How to… develop a style guide

How to… develop a style guide

25/10/2017

 

25/10/2017

 

How to… develop a style guide

WRITTEN BY

Shirley Siluk
Senior editor

Originally from Chicago, where she also attended Northwestern University (a Tony alma mater too – go Wildcats!), Shirley leads US editorial as a senior editor/writer, now based in Florida.

Do a Google search for ‘how to develop a style guide’, and you’ll find tens of thousands of results. Rather than spending hours clicking links and browsing through various sites, you can save a lot of time by starting with a proven resource: an existing style guide.

As we’ve covered in the past, a style guide is designed to provide your organisation with a roadmap for clear, consistent communication. And—whatever your organisation does, whatever types of content you produce—you’ll likely find a useful, ready-made model to start with in one of several standard style guides aimed at different audiences.

For example, if you target a general-interest audience based primarily in the US, a good starting point will be the AP Stylebook. First issued by the Associated Press in 1953, the AP Stylebook is now updated annually and available online and via a mobile app, as well as in spiral-bound paperback form. For a slightly more formal style, there’s also the Chicago Manual of Style.

On the other hand, if your content tends to focus more on a UK/European audience, you could choose either The Economist’s or The Guardian/Observer’s style guide as a jumping-off point for your own in-house manual. And if your audience is technical or scientific, your options can include guides from Microsoft, the IEEE or the American Psychological Association.

Make it your own
Whichever style model you begin with, how do you go about making it your own? Experienced editors recommend kicking off with the style issues that have dogged your organisation most in the past. Are there certain types of corrections your in-house copy team regularly must make? Do company writers and freelancers repeatedly ask the same questions about preferred spelling or capitalisation conventions? Is there any unique rule or guideline you always apply during a final edit of marketing materials?
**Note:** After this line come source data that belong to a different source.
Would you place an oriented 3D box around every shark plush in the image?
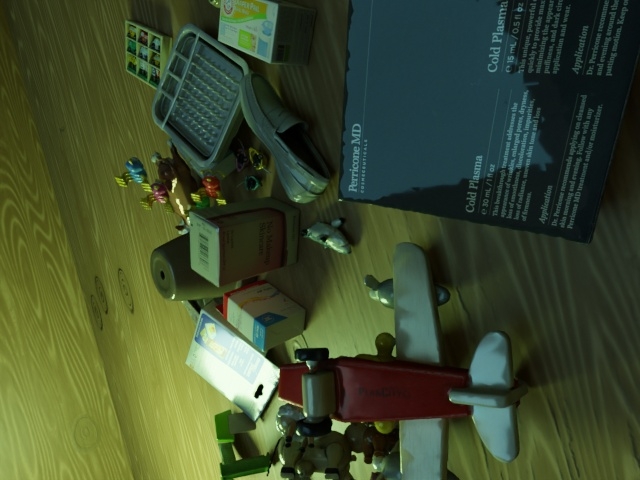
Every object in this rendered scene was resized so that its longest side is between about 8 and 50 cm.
[{"bbox_3d":[0.000,0.000,1.028,0.161,0.073,0.067,-3,130,44],"label":"shark plush"}]

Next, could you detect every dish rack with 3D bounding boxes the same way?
[{"bbox_3d":[-0.302,-0.374,1.188,0.333,0.072,0.285,43,113,31],"label":"dish rack"}]

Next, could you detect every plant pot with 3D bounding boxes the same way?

During her presentation on ‘Developing a House Style Guide’ at the 2016 conference for the American Copy Editors Society (ACES), Megan Rogers—communications assurance specialist for the National Court Reporters Association—said organisations should follow several guidelines when developing their own stylebook:

  • Decide which resources (other style guides, dictionaries, in-house style sheets) to start with and use as a guide
  • Choose someone to be in charge of the process
  • Involve your writers and editors
  • Focus on “unique specifics, deviations or missing pieces from primary guides, hard-to-remember rules”
  • Make sure your final stylebook is easily accessible to those who need it, and re-evaluate your guide on a regular basis

Throughout the process, also keep in mind why you’re developing a style guide in the first place. Ahead of The Guardian style guide’s 75th anniversary in 2003, then-assistant editor David Marsh wrote this:

“A style guide should be much more than a list of grammatical rules, enforced by what Steven Pinker calls ‘language mavens’. Rules change, and many (for example, those forbidding so-called split infinitives or constructions such as ‘hopefully it will be fine tomorrow’) are baseless. We follow a style guide to be consistent, coherent, and to make fewer mistakes, but above all because the style of a newspaper should complement what it stands for—in the way we write about such issues as gender, race, and disability, and the respect with which we treat those we write about.”

Language changes all the time, as Marsh noted. What’s important is making sure that how you use language reflects your organisation’s priorities and values as well as possible.